Japón procedió a su rendición formal el 2 septiembre de 1945 —hace unos días se cumplieron 80 años de esta efeméride—, después de la aceptación de la rendición incondicional el 15 de agosto. Esta rendición puso fin a los combates en el Pacífico y marcó el final de la guerra nivel mundial.

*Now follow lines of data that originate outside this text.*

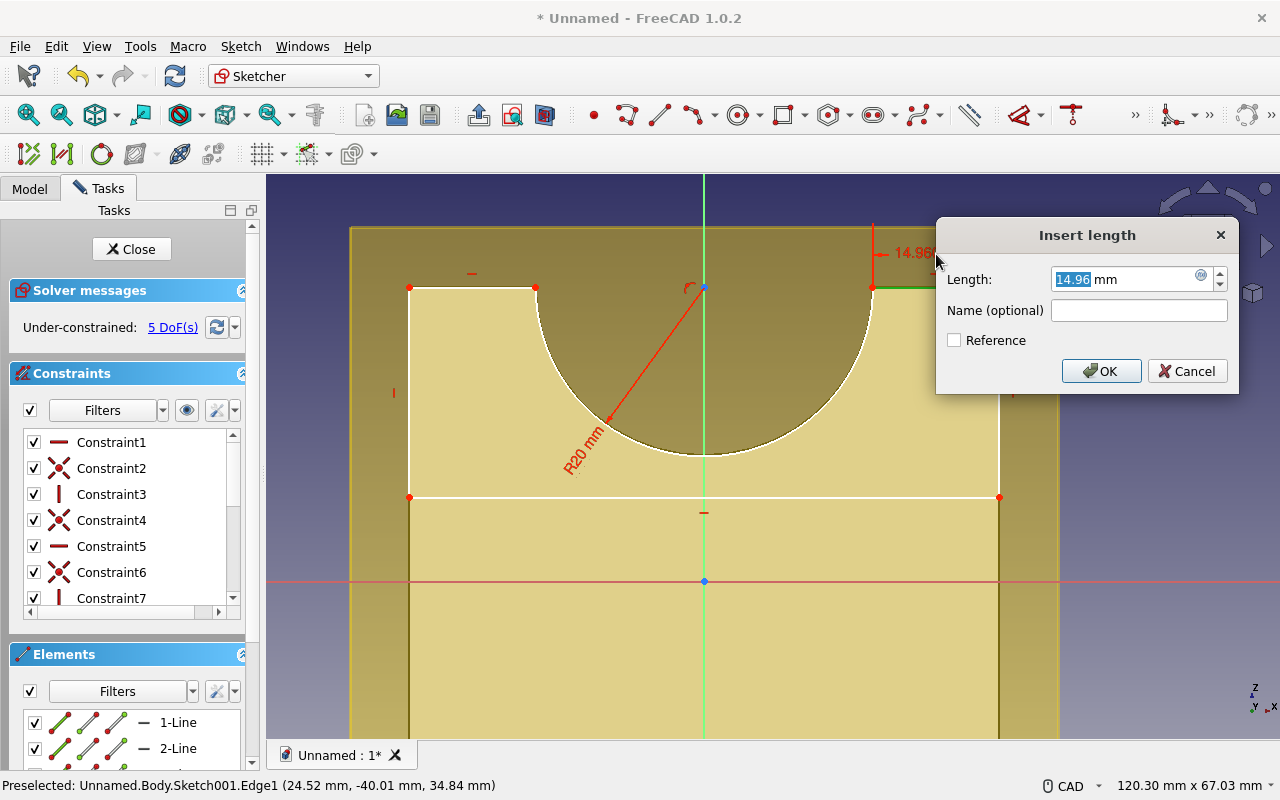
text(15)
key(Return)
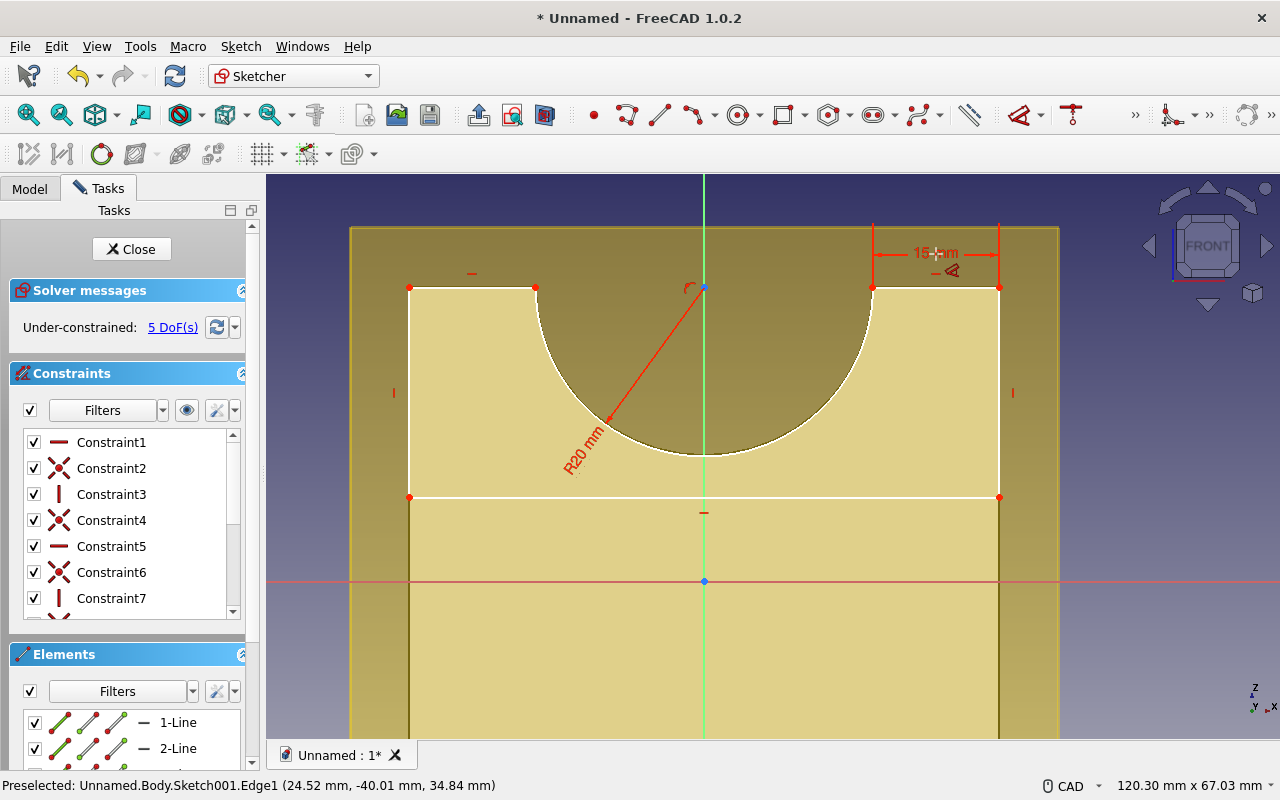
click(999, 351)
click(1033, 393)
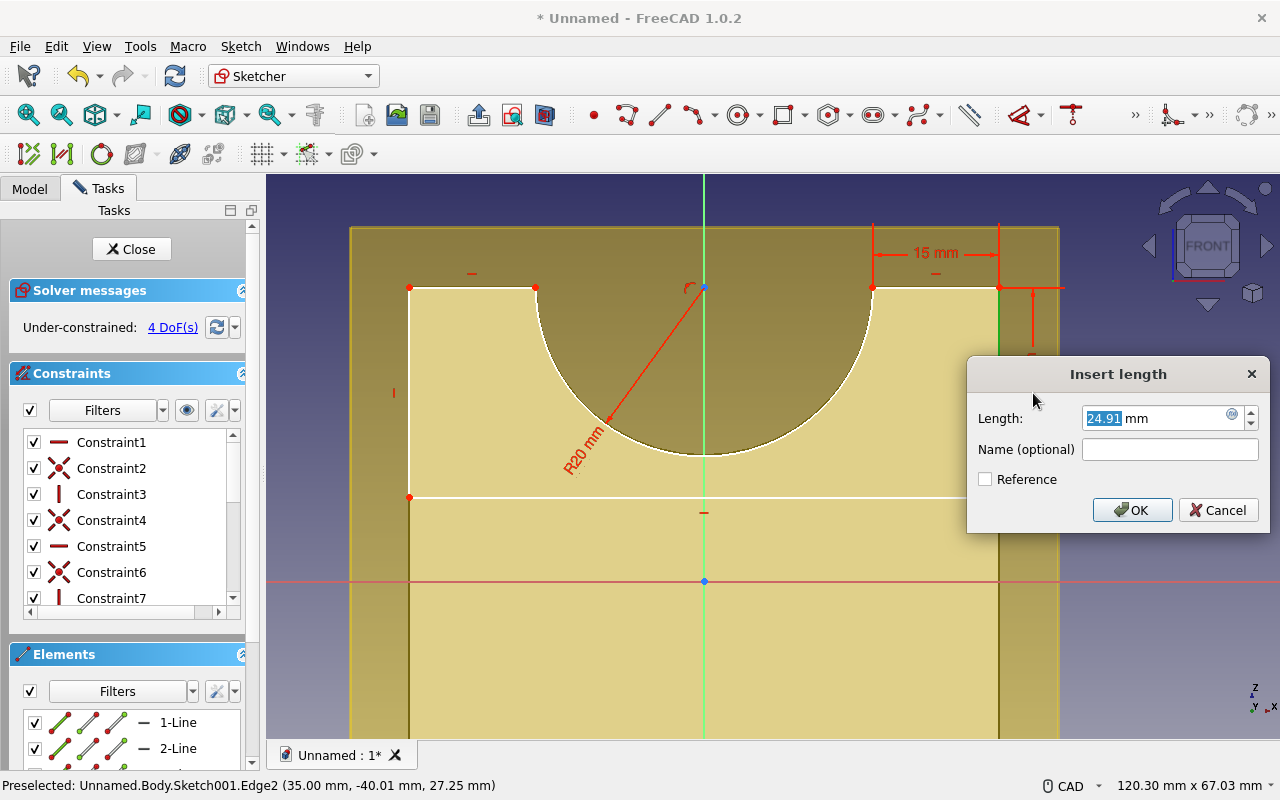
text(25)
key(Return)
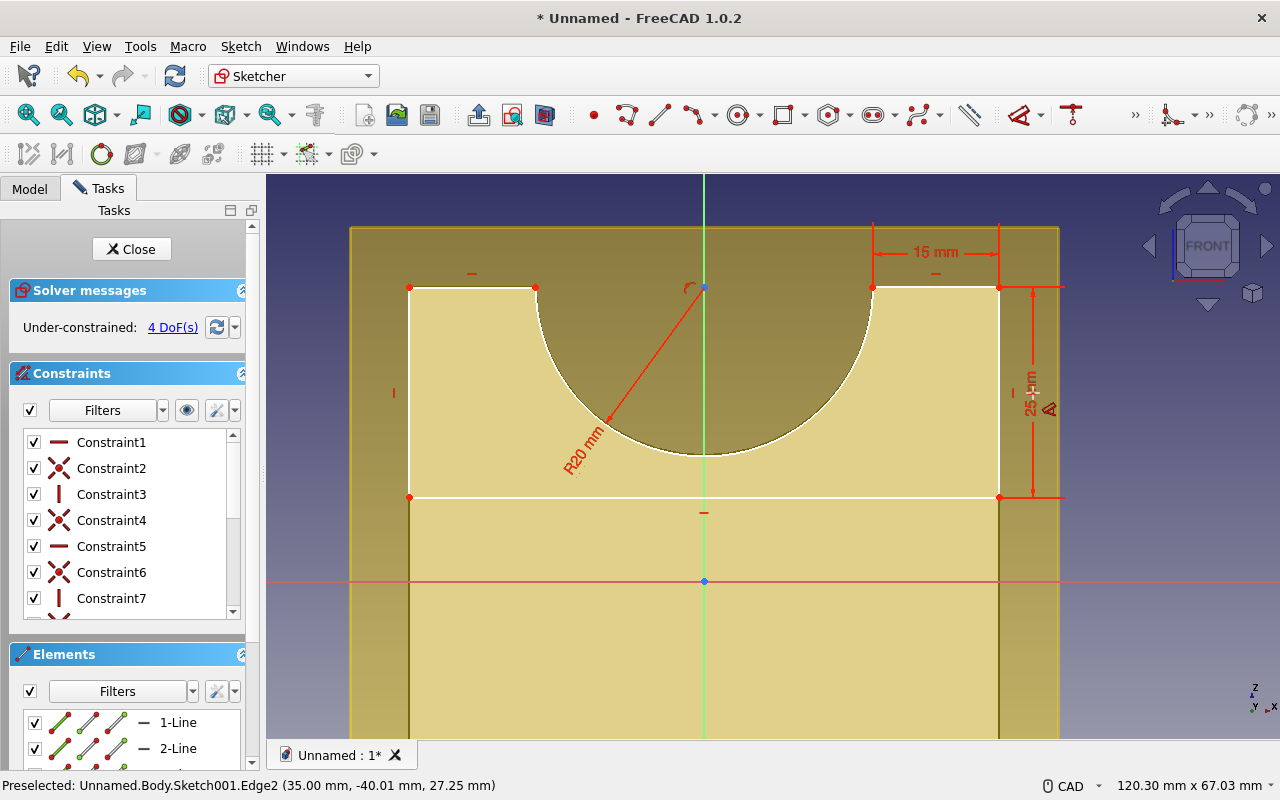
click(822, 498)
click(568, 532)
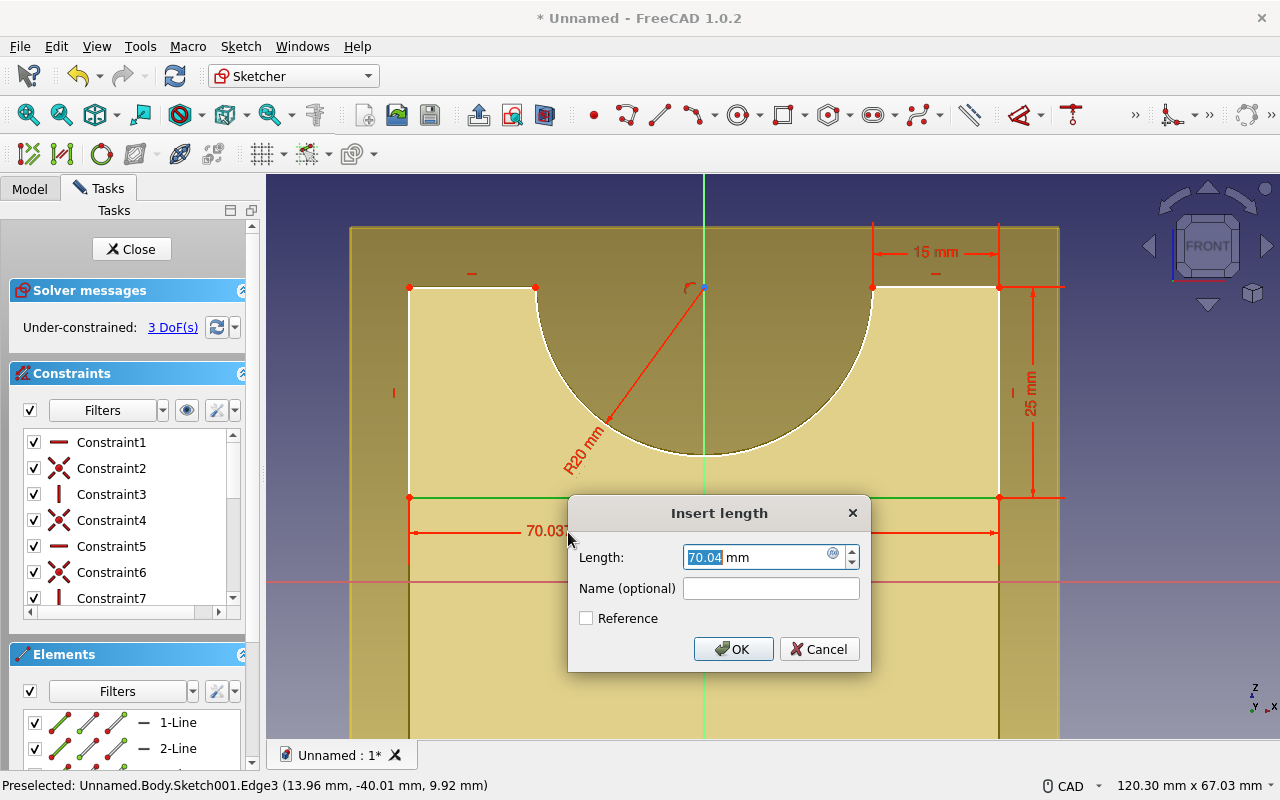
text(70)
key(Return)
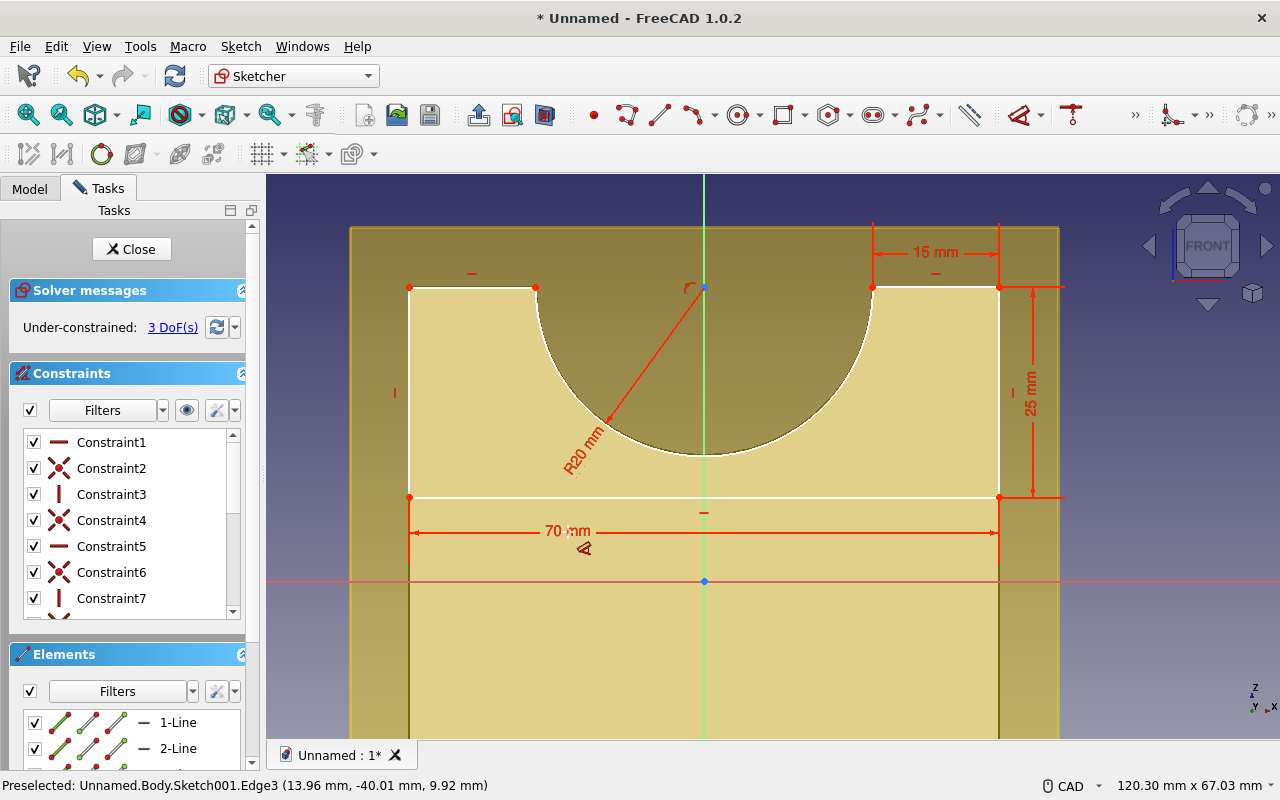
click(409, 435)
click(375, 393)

Las bombas nucleares lanzadas por Estados Unidos en Hiroshima (6 de agosto de 1945) y Nagasaki (9 de agosto) aceleraron la decisión de Japón de rendirse. Tras la devastación causada por ambos ataques en el país y cientos de miles de muertos y heridos, el emperador Hirohito firmó el Acta de Rendición de Japón a bordo del USS Missouri y aceptó los términos de la Declaración de Potsdam, con la consiguiente pérdida de territorios, la ocupación aliada y un largo proceso de reconstrucción.
Claro ejemplo de que la historia la escriben los vencedores. ¿Qué hubiera ocurrido si esas dos bombas, cuyas principales víctimas fueron la población civil, hubieran sido lanzadas por las potencias derrotadas en la contienda? Sin lugar a dudas, se las hubiera criminalizado más. Los millones de muertos de la Segunda Guerra Mundial ya no tienen remedio. La contienda marcó a varias generaciones y lo único positivo, por llamarlo de alguna manera, que se puede sacar de semejante barbarie es llegar a la conclusión de que aquello no puede volver a repetirse. Aunque visto lo visto (Ucrania, Gaza, etcétera), el hombre es el único animal que tropieza dos veces en la misma piedra.